O que resta depois do infinito?

Exausto, Isner não conseguiu colocar um único às na segunda ronda. Foi eliminado sem brilho, como um corredor que desaba após cruzar a meta com o coração nas mãos. O épico consumira-lhe a alma desportiva. No ano seguinte, como ironia suprema do destino, voltou a enfrentar Mahut. Desta vez, sem milagres: vitória rápida, três ‘sets’, silêncio. A eternidade não se repete — apenas se visita.

Este confronto não é apenas o mais longo da história do ténis. É a história do que acontece quando o impossível deixa de ser limite e se torna medida. A resistência física foi épica. A resiliência mental, quase mitológica. Mas o que mais perdura é o sentimento de que, por três dias, o tempo parou num pequeno recanto de relva em Londres, e todos nós fomos testemunhas de algo que não cabia nas regras.

Hoje, o court 18 permanece discreto, como um velho sábio que não precisa contar a sua história. Mas quem por lá passa, lembra. Sente. Ali, onde o tempo se esticou como uma corda de violino prestes a partir, a memória continua viva. Não há estátuas — não são precisas. A lenda vive na relva, nos ecos, nos olhos dos que viram.

O legado: mais do que números

Sim, há números: 70-68 no quinto ‘set’, 183 jogos, 11h05. Mas o verdadeiro legado não está nas estatísticas. Está no que não se pode medir: o respeito mútuo, a elevação do adversário a espelho. A maneira como o desporto pode, em certos dias, desafiar a lógica e aproximar-se do sublime.

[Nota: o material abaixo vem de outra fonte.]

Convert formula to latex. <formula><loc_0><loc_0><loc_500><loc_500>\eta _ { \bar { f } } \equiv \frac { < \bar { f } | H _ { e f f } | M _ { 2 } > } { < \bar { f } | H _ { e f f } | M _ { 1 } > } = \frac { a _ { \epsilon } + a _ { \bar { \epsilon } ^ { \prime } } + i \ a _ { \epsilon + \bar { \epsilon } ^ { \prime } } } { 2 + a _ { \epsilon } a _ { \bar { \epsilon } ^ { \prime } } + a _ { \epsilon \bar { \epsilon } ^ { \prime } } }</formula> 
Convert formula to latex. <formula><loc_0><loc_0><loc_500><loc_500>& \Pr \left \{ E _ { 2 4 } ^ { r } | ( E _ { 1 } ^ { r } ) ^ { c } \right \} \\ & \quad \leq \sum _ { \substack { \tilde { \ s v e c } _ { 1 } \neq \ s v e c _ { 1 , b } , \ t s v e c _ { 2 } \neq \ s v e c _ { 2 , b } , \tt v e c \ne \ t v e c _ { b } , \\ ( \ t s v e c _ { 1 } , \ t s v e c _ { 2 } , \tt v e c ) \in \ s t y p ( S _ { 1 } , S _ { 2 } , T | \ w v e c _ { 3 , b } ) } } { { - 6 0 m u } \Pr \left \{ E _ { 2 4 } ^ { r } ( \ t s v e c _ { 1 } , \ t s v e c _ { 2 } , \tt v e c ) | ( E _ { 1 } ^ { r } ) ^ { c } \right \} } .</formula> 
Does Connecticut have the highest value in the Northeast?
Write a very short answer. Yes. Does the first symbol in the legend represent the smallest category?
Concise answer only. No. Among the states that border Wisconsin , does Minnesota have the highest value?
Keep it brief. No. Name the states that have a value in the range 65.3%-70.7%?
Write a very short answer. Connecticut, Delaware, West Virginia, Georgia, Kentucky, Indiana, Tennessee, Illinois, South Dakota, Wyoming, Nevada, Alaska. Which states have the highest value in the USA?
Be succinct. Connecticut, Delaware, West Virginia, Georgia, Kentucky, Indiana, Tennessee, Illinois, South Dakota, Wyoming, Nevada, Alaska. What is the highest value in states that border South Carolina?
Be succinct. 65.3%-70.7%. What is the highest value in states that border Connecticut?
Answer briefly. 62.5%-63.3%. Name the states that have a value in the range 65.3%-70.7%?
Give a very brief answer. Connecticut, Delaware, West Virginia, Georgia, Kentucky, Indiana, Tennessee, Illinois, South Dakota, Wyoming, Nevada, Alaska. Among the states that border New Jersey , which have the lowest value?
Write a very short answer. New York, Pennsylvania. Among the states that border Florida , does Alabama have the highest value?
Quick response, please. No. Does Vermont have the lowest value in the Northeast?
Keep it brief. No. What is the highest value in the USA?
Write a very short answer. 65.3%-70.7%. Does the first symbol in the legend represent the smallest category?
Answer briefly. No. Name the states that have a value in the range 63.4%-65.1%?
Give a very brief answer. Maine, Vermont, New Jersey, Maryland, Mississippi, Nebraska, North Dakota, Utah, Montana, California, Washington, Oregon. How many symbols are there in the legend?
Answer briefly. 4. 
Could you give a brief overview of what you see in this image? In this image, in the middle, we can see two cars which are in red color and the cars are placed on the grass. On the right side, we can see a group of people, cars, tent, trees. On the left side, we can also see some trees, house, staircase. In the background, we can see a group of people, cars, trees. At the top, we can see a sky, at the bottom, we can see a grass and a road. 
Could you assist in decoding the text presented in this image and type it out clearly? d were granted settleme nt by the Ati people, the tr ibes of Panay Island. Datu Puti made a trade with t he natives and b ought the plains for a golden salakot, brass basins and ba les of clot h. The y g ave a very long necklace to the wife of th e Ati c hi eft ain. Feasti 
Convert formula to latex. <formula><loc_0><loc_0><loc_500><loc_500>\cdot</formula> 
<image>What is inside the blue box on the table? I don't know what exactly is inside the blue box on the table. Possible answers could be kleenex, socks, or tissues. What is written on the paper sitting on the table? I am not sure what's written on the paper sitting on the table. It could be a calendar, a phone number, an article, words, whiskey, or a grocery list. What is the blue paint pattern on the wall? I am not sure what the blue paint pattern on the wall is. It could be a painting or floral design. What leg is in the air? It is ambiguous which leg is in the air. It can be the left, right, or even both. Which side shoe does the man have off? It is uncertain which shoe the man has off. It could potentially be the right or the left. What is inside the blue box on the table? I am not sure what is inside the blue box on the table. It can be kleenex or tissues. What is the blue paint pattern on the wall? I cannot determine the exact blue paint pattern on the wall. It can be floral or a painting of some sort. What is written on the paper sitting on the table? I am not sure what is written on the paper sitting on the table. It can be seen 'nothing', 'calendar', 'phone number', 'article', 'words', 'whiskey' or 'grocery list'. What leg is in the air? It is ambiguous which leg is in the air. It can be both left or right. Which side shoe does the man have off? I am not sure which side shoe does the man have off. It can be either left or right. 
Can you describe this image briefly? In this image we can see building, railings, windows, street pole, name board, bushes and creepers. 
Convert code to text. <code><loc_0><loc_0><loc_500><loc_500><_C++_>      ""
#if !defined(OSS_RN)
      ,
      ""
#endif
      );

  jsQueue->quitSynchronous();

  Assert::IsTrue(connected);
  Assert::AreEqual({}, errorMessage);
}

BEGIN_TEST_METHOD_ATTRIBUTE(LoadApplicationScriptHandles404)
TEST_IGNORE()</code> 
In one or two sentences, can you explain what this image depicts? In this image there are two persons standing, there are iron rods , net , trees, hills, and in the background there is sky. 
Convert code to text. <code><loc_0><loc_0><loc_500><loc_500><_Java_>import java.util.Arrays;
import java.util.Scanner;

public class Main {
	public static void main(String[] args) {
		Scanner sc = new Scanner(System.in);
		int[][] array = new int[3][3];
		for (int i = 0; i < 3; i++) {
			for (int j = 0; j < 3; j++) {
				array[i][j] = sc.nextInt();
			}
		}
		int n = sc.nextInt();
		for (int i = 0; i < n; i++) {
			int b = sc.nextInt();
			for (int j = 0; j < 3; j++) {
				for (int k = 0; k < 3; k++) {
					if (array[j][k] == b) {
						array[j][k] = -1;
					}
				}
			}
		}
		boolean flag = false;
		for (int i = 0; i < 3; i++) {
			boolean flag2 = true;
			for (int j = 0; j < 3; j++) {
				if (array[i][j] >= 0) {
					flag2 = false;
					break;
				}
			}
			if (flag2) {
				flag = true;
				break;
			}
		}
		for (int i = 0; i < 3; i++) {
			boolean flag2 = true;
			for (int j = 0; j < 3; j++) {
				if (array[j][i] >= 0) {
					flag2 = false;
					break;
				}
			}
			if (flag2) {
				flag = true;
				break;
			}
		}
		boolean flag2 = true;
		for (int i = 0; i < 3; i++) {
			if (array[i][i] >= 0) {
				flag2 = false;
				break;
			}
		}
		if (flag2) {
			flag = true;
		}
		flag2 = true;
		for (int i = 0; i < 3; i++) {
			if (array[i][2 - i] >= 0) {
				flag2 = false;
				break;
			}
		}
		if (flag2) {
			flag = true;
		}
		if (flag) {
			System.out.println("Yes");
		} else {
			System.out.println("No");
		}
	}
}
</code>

Quinze anos depois, o encontro continua a ser uma história contada com assombro. Como todas as grandes narrativas, começa com o banal e termina no incompreensível. Foi uma luta sem violência, uma guerra sem inimigos, um poema escrito com raquetes.

Naquele court escondido, dois homens tornaram-se mitos. E, por três dias, ensinaram-nos que, no ténis como na vida, há partidas que se jogam não para vencer, mas para nunca acabar.